Figure 3. GREM1 increases EMT in human breast cancer cells

Cells were starved overnight and stimulated with GREM1 (10 and 50 ng/ml) for an additional 48 h. RNA was analyzed by qPCR analysis (A). Cells were starved overnight and stimulated with GREM1 (50 ng/ml) for an additional 48 h. Protein lysates were subjected to immunoblot analysis (B). Each cell line was established by using lentiviral shRNA system. RNA was collected and indicated genes were quantitated by qPCR analysis (C). MDA-MB-453-shCtrl or MDA-MB-453-shGREM1 cells were seeded into 6-well plates and wounded with 1 ml pipette tip. Each cell line was incubated with vehicle or TGF-β (10 ng/ml) for 48 h. The wound closure was monitored by photography at the indicated time (D and E). Cells were starved overnight and treated with GREM1 (50 ng/ml) for 30 min. Protein lysates were subjected to immunoblot analysis (F). Cells were starved overnight and co-treated with GREM1 (50 ng/ml) and U0126 (10 μM) for 30 min (pERK and ERK) or 48 h (N-cadherin, vimentin, and Slug). Protein lysates were subjected to immunoblot analysis (G). *, P<0.05; **, P<0.01; ***, P<0.001, and NS = non-significant.

Figure 4. DHA inhibits GREM1 expression in human breast cancer cells

Cells were starved overnight and stimulated with DHA (25 μM) for 24 h. RNA was collected and analyzed by qPCR analysis (A) and proteins were subjected to Western blot analysis (B). Cells were starved overnight and pretreated with TGF-β (10 ng/ml) for 24 h and then incubated with DHA (25 μM) for another 24 h. RNA was collected and analyzed by qPCR analysis (C) and proteins were subjected to Western blot analysis (D). **, P<0.01 and ***, P<0.001.

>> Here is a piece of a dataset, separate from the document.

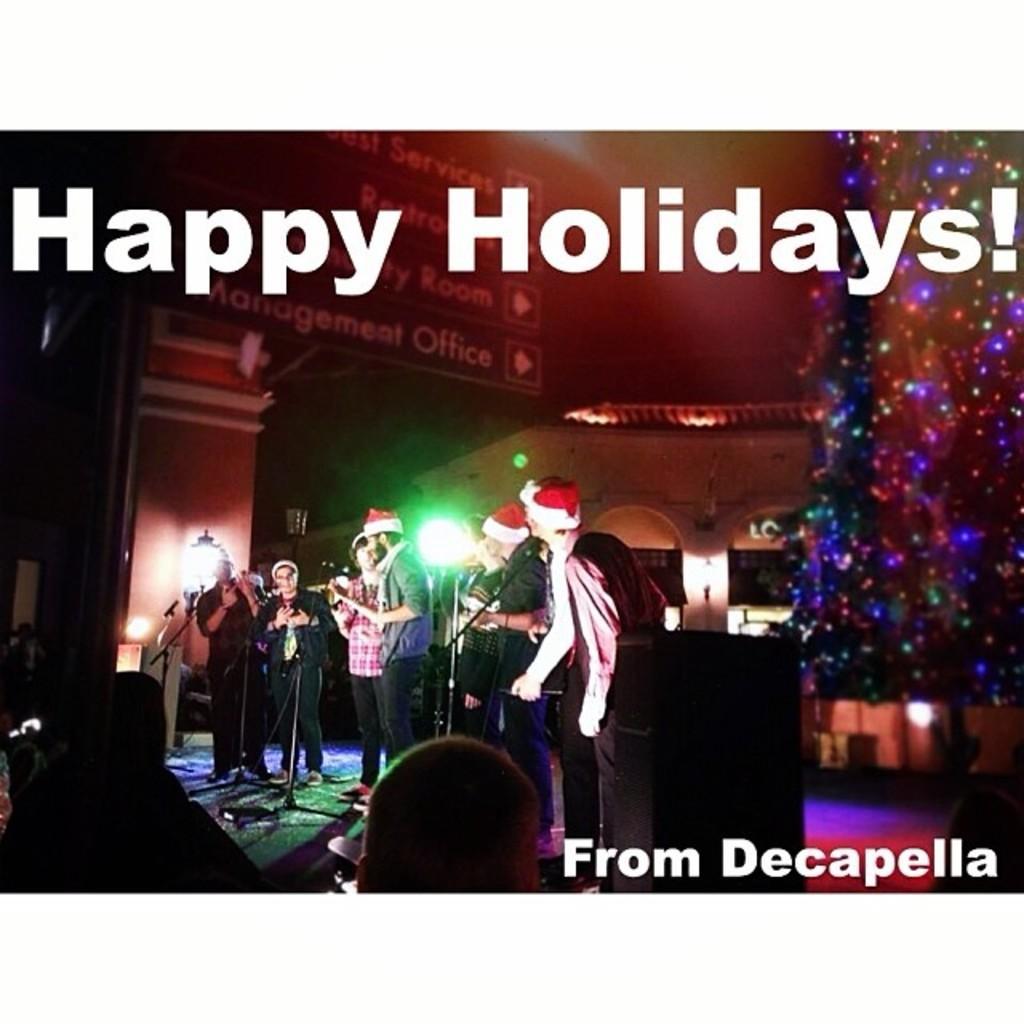Can you describe this image briefly? In this image we can see few people standing on the stage and there are mics in front of them, there are few lights, a building and an object looks like a Christmas tree with lights on the right side.

Figure 5. DHA inhibits GREM1-induced EMT

Cells were starved overnight and pretreated with GREM1 (50 ng/ml) for 24 h and then incubated with DHA (25 μM) for another 24 h. RNA was collected and analyzed by qPCR analysis (A) and proteins were performed by Western blot analysis (B). MDA-MB-453 cells were seeded in 6-well plates and wounded by 1 ml pipette tip. The cells were incubated with GREM1 (50 ng/ml) or DHA (25 μM) for 48 h, separately or in combination (C and D). Cells were starved overnight and co-treated with GREM1 (50 ng/ml) and DHA (25 μM) for 30 min. Protein lysates were subjected to immunoblot analysis (E). *, P<0.05; **, P<0.01; ***, P<0.001, and NS=non-significant.